The following methods will not be used in the backend driver:
* create_tsigkey(tsigkey)
* update_tsigkey(tsigkey)
* delete_tsigkey(tsigkey)
This is due to the only provisioner supported initially being the 'unmanaged'
provisioner. Those methods will be used for future provisioners.
Storage Changes
---------------
A new table for the Pool Manager status will be needed. Additionally, the
domains and records tables will be modified to support pools. Domains
and records will be 'PENDING' status initially. A new status 'ERROR' will
be possible for domains and records.
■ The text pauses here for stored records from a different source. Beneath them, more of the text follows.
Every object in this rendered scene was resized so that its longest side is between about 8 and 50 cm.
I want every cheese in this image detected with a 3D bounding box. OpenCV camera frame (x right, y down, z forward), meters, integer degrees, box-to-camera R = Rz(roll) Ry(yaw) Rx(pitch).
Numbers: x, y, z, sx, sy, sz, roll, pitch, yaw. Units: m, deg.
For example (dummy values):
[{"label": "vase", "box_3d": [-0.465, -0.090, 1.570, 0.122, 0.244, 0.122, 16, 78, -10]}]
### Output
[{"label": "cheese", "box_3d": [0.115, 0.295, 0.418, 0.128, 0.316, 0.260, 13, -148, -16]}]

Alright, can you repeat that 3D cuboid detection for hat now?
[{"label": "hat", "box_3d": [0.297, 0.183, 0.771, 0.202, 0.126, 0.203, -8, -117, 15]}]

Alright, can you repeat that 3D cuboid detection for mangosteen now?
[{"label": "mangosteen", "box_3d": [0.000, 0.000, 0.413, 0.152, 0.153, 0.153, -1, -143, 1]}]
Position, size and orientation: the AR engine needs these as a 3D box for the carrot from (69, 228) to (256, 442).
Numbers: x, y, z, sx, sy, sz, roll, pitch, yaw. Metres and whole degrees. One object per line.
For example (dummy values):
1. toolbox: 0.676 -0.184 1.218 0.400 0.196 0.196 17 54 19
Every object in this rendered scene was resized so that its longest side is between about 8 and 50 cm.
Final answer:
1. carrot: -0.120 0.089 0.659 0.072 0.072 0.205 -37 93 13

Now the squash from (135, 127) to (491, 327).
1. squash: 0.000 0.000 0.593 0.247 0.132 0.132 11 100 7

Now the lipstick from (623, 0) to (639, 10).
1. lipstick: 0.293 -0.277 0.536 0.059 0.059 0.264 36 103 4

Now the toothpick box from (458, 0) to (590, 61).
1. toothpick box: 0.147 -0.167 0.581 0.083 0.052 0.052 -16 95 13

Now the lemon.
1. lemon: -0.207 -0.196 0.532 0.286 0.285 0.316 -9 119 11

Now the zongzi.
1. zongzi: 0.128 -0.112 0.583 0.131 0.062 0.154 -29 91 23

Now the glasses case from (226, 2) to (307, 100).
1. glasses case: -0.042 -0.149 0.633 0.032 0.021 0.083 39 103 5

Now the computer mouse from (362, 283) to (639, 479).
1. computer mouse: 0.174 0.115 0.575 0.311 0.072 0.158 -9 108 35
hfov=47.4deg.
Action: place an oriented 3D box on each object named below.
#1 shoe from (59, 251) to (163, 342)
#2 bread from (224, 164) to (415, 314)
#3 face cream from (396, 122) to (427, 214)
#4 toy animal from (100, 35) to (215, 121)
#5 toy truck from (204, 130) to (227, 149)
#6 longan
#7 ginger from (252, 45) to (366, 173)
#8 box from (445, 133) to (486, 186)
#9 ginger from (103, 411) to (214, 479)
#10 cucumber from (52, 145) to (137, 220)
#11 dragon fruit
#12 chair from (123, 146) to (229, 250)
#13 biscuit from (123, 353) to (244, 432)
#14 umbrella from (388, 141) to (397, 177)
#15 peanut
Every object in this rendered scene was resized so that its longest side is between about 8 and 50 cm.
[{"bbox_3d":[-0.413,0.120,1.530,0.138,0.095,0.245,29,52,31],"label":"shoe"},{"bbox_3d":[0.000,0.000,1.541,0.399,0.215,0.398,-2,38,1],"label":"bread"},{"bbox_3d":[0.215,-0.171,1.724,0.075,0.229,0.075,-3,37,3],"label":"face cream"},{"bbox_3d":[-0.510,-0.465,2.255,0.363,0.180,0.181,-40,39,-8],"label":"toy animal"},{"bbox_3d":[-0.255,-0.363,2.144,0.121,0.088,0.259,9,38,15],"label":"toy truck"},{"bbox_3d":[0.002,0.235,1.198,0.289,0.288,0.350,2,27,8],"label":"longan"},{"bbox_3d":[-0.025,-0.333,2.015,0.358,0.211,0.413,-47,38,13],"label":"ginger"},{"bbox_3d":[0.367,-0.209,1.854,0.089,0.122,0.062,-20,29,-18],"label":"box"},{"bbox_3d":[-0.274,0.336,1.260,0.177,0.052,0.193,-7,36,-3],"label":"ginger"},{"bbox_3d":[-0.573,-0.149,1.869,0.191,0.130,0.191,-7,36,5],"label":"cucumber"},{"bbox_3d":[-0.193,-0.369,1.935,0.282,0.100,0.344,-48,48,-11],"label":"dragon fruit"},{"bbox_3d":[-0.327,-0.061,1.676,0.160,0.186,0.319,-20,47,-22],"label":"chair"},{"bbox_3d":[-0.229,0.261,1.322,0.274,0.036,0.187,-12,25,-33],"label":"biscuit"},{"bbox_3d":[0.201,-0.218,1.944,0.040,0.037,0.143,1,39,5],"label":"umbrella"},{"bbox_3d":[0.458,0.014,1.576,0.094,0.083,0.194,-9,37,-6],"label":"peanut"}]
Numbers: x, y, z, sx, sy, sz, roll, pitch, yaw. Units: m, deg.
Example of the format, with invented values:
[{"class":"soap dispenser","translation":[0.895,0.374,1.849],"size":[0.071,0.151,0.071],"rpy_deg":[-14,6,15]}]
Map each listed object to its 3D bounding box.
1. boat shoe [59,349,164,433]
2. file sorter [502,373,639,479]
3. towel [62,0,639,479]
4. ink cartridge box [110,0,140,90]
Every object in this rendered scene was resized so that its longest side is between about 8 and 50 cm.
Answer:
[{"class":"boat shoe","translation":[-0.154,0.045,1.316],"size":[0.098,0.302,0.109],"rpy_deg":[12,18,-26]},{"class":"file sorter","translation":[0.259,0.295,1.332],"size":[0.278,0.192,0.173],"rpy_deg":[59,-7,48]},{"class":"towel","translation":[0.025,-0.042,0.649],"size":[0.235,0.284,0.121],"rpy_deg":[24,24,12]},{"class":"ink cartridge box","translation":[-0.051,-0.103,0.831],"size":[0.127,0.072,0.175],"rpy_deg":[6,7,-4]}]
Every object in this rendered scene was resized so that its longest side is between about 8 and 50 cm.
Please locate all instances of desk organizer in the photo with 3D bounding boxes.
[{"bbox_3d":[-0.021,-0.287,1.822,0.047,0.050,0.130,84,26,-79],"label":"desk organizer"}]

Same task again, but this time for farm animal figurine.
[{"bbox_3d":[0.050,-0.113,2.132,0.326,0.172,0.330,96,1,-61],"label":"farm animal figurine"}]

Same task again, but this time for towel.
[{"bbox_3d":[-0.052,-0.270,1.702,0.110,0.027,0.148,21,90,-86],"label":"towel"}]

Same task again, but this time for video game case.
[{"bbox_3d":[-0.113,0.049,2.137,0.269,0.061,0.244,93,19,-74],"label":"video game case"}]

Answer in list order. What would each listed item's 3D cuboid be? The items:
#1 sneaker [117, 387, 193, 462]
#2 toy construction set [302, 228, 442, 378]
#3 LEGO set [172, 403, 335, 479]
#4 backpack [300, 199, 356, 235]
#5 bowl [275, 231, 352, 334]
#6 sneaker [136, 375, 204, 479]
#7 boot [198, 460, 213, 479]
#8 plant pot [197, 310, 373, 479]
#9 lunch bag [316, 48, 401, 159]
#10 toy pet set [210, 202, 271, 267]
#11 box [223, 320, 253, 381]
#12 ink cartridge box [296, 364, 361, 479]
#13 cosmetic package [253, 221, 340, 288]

Finally, a record can also be
'DELETE_PENDING' and 'DELETE_ERROR'.
New Table - pool_manager_status
^^^^^^^^^^^^^^^^^^^^^^^^^^^^^^^
+---------------+----------------------------+-----------+---------+---------------------------------+
| Column | Type | Nullable? | Unique? | Notes |
+===============+============================+===========+=========+=================================+
| id | CHAR(32) | No | Yes | PK |
+---------------+----------------------------+-----------+---------+---------------------------------+
| updated_at | DATETIME | No | No | UTC time of last update |
+---------------+----------------------------+-----------+---------+---------------------------------+
| server_id | VARCHAR(32) | No | No | Server ID |
+---------------+----------------------------+-----------+---------+---------------------------------+
| domain_id | CHAR(32) | No | No | FK to ID on domains table |
+---------------+----------------------------+-----------+---------+---------------------------------+
| status | 'SUCCESS','ERROR' | Yes | No | Status |
+---------------+----------------------------+-----------+---------+---------------------------------+
| serial_number | INT(11) | No | No | Serial number at time of status |
+---------------+----------------------------+-----------+---------+---------------------------------+
| action | 'CREATE','DELETE','UPDATE' | No | No | Action resulting in status |
+---------------+----------------------------+-----------+---------+---------------------------------+
Modify Table - domains
^^^^^^^^^^^^^^^^^^^^^^
+--------+--------------------------------------+-----------+---------+-----------+---------------+--------+
| Column | Type | Nullable? | Unique? | Default | Notes | Action |
+========+======================================+===========+=========+===========+===============+========+
| status | 'ACTIVE','PENDING','DELETED','ERROR' | No | No | 'PENDING' | Record status | update |
+--------+--------------------------------------+-----------+---------+-----------+---------------+--------+
Modify Table - records
^^^^^^^^^^^^^^^^^^^^^^
+---------------+--------------------------------------+-----------+---------+-----------+----------------------------+--------+
| Column | Type | Nullable? | Unique? | Default | Notes | Action |
+===============+======================================+===========+=========+===========+============================+========+
| serial_number | INT(11) | No | No | | Used for the record status | add |
+---------------+--------------------------------------+-----------+---------+-----------+----------------------------+--------+
| task | 'ADD','DELETE','UPDATE','NONE' | No | No | 'ADD' | Record operation task | add |
+---------------+--------------------------------------+-----------+---------+-----------+----------------------------+--------+
| status | 'ACTIVE','PENDING','DELETED','ERROR' | No | No | 'PENDING' | Record status | update |
+---------------+--------------------------------------+-----------+---------+-----------+----------------------------+--------+
Other Changes
-------------
None
Alternatives
------------
None
Implementation
==============
Assignee(s)
-----------
Primary assignee:
https://launchpad.net/~rjrjr
Additional assignee:
https://launchpad.net/~darshan104
Milestones
----------
Target Milestone for completion:
Kilo-1
Work Items
----------
* Pool Manager changes
* Central changes
* Backend driver changes
* Storage changes
Dependencies
============
This specification relies on the Server Pools - Storage specification.
This specification relies on the Server Pools - MiniDNS Support specification.